Desde que se conoció el ritmo de gastos que planea el Gobierno Nacional para 2009 se empezaron a escuchar voces de preocupación que dicen que los desembolsos crecerán más que la inflación y que la misma economía.
A medida que pasan los días y se escudriñan más las cuentas que el Ejecutivo tiene para el 2009, aumentan las preocupaciones y las dudas por las fuentes con las que se planea financiar esos gastos.
Según el proyecto de Presupuesto General de la Nación, que se empezará a discutir hoy en una sesión conjunta de las cuatro comisiones económicas del Congreso, más de la mitad (el 57,7 por ciento) se financiará con ingresos corrientes, lo que se traduce en impuestos.
El 37 por ciento, con recursos de capital, entre los que se cuentan deuda, excedentes de las entidades estatales, venta de activos, recuperación de cartera y "otros recursos de capital".
¿Y si no se da lo supuesto?
El otro 5,3 por ciento provendría de rentas parafiscales y de fondos especiales, incluido el descongelamiento de 1,2 billones de pesos del Fondo Nacional de Regalías, para lo cual se deberá contar con el visto bueno del Congreso de la República.

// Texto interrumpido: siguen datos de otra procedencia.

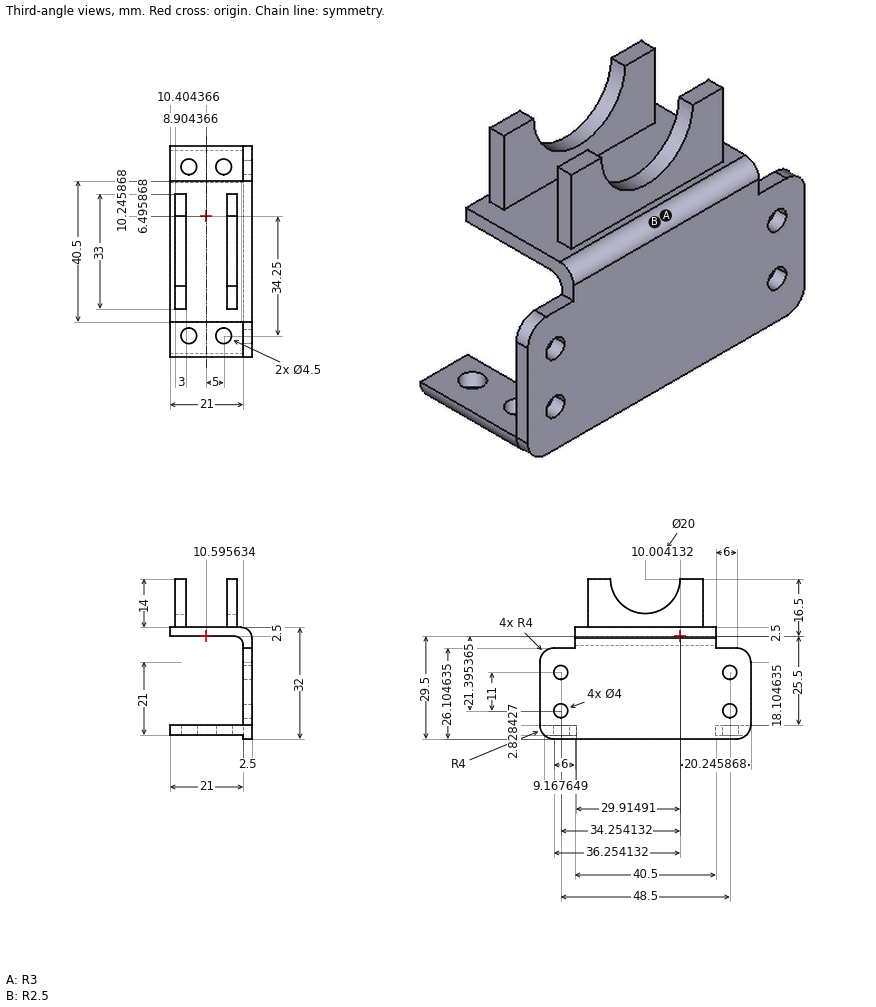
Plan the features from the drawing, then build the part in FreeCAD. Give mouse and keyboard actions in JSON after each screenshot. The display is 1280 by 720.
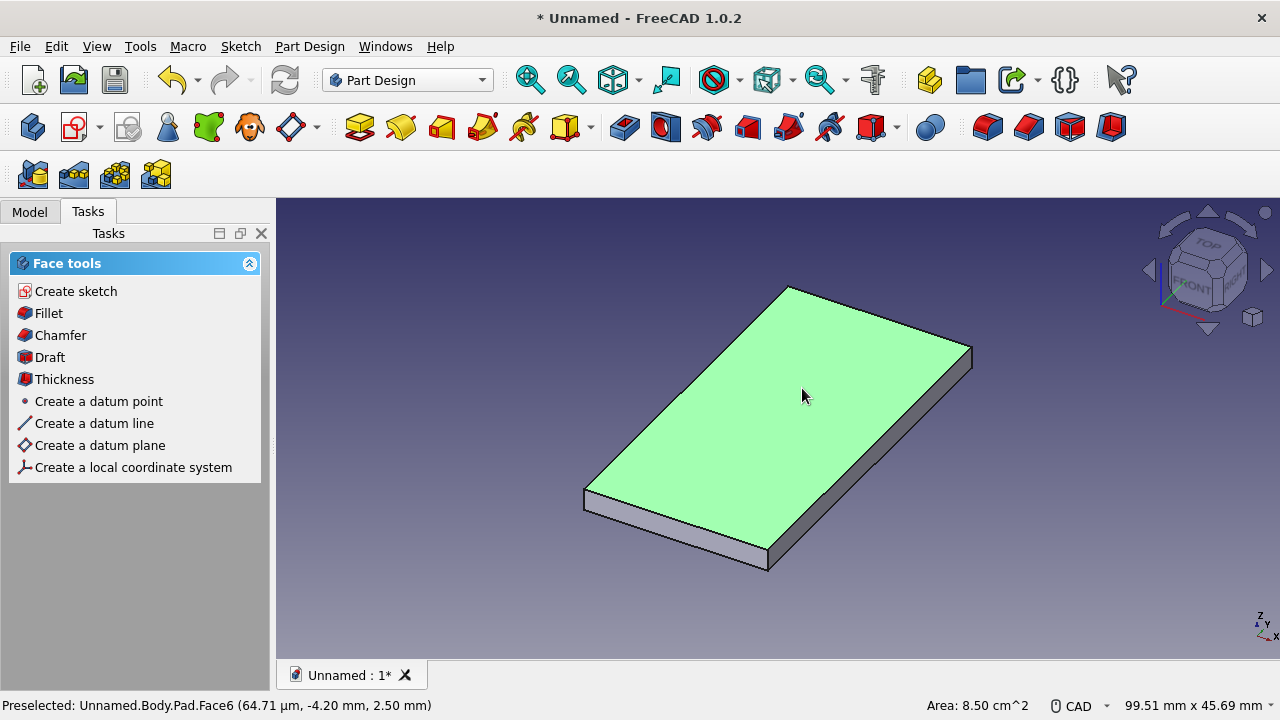
{"action": "left_click", "coordinate": [74, 128]}

"Si en el peor escenario sucede que el dólar se cotiza a 1.700 pesos y el crecimiento es del 3 por ciento, ¿a qué puede acudir el Gobierno para mantener el presupuesto balanceado? Si esa venta de activos que se tiene planeada no se da, ¿a qué puede acudir?", se preguntó la semana pasada el senador uribista Habib Merheg. A esto el ministro de Hacienda, Óscar Iván Zuluaga, respondió que todo depende del comportamiento de los impuestos.
Lo que interesa es ver el crecimiento del Producto Interno Bruto (PIB) nominal y la elasticidad que tienen los recaudos frente a ese crecimiento. Si los recaudos mantienen la dinámica esperada, no habría dificultades. Las dificultades se advertirían si ya la recaudación crece en niveles muy inferiores a los proyectados y eso significaría tener que ajustar las cifras y los gastos para no desmejorar los balances en materia fiscal", dijo el funcionario.
Los analistas ya empezaron a advertir sobre la desbordada proyección del recaudo tributario y, especialmente, en lo que tiene que ver con el impuesto de renta. El estimativo del Ministerio de Hacienda es que el año entrante el recaudo tributario va a estar alrededor de los 75,02 billones de pesos, de los cuales 29,5 billones provendrán del impuesto de renta, recaudo que crece 18,9 por ciento en relación con este año.
"Dudo mucho de ese recaudo. El año entrante entran en vigencia los contratos de estabilidad jurídica que se firmarán este año. Además, están las zonas francas. Uno no pensaría que van suceder hechos extraordinarios que permitan ingresos mayores", señala el ex director de la Dian Horacio Ayala.
'Es una proyección ilusoria'
El ex ministro de Hacienda Juan Camilo Restrepo anota que el año entrante se reflejará la desaceleración que está viviendo este año la economía.
"El 18,9 por ciento proyectado para el crecimiento del impuesto a la renta me parece exagerado y casi ilusorio. No ha habido reforma tributaria, y las gabelas y privilegios que a manos llenas se han entregado a algunos sectores están erosionando la capacidad redistributiva y la elasticidad del impuesto a la renta. El crecimiento del 2008 será inferior al del 2007 y esto afectará también el recaudo del imporrenta en el 2009", puntualiza Restrepo.
Eduardo Sarmiento, director del Centro de Estudios Económicos de la Escuela de Ingeniería, señala que hay unos ingresos por 3 billones de pesos con los que se cuenta por la venta de Isagén. "Si no se da eso, habría que recortar gastos, lo cual supone algo de artificialidad", afirma.
La directora de Presupuesto del Ministerio de Hacienda, Carolina Soto, responde que en el caso del impuesto de renta se esperan ingresos considerables de sectores como el petrolero y el minero.
Y añade que se espera un mejoramiento en los ingresos por el lado de las primas de colocaciones en el tema de la deuda, así como de los cruces de cuentas entre entidades. Y
concluye que, de todas maneras, el Gobierno tiene margen de maniobra.